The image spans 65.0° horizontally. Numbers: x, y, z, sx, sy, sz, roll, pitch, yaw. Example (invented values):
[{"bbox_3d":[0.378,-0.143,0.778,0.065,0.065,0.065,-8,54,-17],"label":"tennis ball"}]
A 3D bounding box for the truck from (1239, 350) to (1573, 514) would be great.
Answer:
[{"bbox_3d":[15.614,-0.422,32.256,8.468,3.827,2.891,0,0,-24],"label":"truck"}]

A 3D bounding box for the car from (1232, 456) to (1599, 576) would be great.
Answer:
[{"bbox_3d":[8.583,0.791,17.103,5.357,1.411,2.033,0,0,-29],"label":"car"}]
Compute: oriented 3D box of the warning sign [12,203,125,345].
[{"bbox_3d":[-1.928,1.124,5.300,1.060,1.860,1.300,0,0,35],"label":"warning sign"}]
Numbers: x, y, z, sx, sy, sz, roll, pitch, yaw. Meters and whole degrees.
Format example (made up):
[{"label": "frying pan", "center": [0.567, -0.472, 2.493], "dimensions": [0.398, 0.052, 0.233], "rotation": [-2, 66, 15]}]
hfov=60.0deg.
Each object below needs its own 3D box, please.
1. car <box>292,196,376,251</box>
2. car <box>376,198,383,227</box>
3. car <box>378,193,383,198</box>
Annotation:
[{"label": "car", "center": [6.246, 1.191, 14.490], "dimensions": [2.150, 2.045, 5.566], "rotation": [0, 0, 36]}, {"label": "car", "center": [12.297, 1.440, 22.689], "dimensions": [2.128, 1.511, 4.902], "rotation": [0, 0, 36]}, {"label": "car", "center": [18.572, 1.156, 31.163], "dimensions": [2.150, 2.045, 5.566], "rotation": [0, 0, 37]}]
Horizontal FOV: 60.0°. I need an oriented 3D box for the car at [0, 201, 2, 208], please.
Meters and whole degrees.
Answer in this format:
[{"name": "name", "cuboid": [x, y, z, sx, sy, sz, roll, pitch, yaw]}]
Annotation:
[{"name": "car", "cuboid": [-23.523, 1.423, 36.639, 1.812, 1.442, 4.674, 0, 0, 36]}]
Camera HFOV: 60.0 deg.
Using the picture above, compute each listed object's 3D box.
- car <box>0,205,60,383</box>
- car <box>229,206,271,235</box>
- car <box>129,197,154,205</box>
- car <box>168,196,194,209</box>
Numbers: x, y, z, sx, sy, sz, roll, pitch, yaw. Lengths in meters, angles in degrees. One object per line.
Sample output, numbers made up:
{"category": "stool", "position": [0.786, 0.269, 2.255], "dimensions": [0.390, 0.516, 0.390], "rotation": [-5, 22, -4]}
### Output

> _BRIEF_
Could you write out the material above exactly as it appears?

> _SOLVED EXERCISE_
The image spans 65.0° horizontally. Numbers: x, y, z, sx, sy, sz, roll, pitch, yaw. Example (invented values):
[{"bbox_3d":[0.378,-0.143,0.778,0.065,0.065,0.065,-8,54,-17],"label":"tennis ball"}]
A 3D bounding box for the truck from (1239, 350) to (1573, 514) would be great.
Answer:
[{"bbox_3d":[15.614,-0.422,32.256,8.468,3.827,2.891,0,0,-24],"label":"truck"}]

A 3D bounding box for the car from (1232, 456) to (1599, 576) would be great.
Answer:
[{"bbox_3d":[8.583,0.791,17.103,5.357,1.411,2.033,0,0,-29],"label":"car"}]
Compute: oriented 3D box of the warning sign [12,203,125,345].
[{"bbox_3d":[-1.928,1.124,5.300,1.060,1.860,1.300,0,0,35],"label":"warning sign"}]
Numbers: x, y, z, sx, sy, sz, roll, pitch, yaw. Meters and whole degrees.
Format example (made up):
[{"label": "frying pan", "center": [0.567, -0.472, 2.493], "dimensions": [0.398, 0.052, 0.233], "rotation": [-2, 66, 15]}]
hfov=60.0deg.
Each object below needs its own 3D box, please.
1. car <box>292,196,376,251</box>
2. car <box>376,198,383,227</box>
3. car <box>378,193,383,198</box>
Annotation:
[{"label": "car", "center": [6.246, 1.191, 14.490], "dimensions": [2.150, 2.045, 5.566], "rotation": [0, 0, 36]}, {"label": "car", "center": [12.297, 1.440, 22.689], "dimensions": [2.128, 1.511, 4.902], "rotation": [0, 0, 36]}, {"label": "car", "center": [18.572, 1.156, 31.163], "dimensions": [2.150, 2.045, 5.566], "rotation": [0, 0, 37]}]
Horizontal FOV: 60.0°. I need an oriented 3D box for the car at [0, 201, 2, 208], please.
Meters and whole degrees.
Answer in this format:
[{"name": "name", "cuboid": [x, y, z, sx, sy, sz, roll, pitch, yaw]}]
Annotation:
[{"name": "car", "cuboid": [-23.523, 1.423, 36.639, 1.812, 1.442, 4.674, 0, 0, 36]}]
Camera HFOV: 60.0 deg.
Using the picture above, compute each listed object's 3D box.
- car <box>0,205,60,383</box>
- car <box>229,206,271,235</box>
- car <box>129,197,154,205</box>
- car <box>168,196,194,209</box>
Numbers: x, y, z, sx, sy, sz, roll, pitch, yaw. Lengths in meters, angles in degrees. One object per line.
Sample output, numbers made up:
{"category": "stool", "position": [0.786, 0.269, 2.255], "dimensions": [0.390, 0.516, 0.390], "rotation": [-5, 22, -4]}
### Output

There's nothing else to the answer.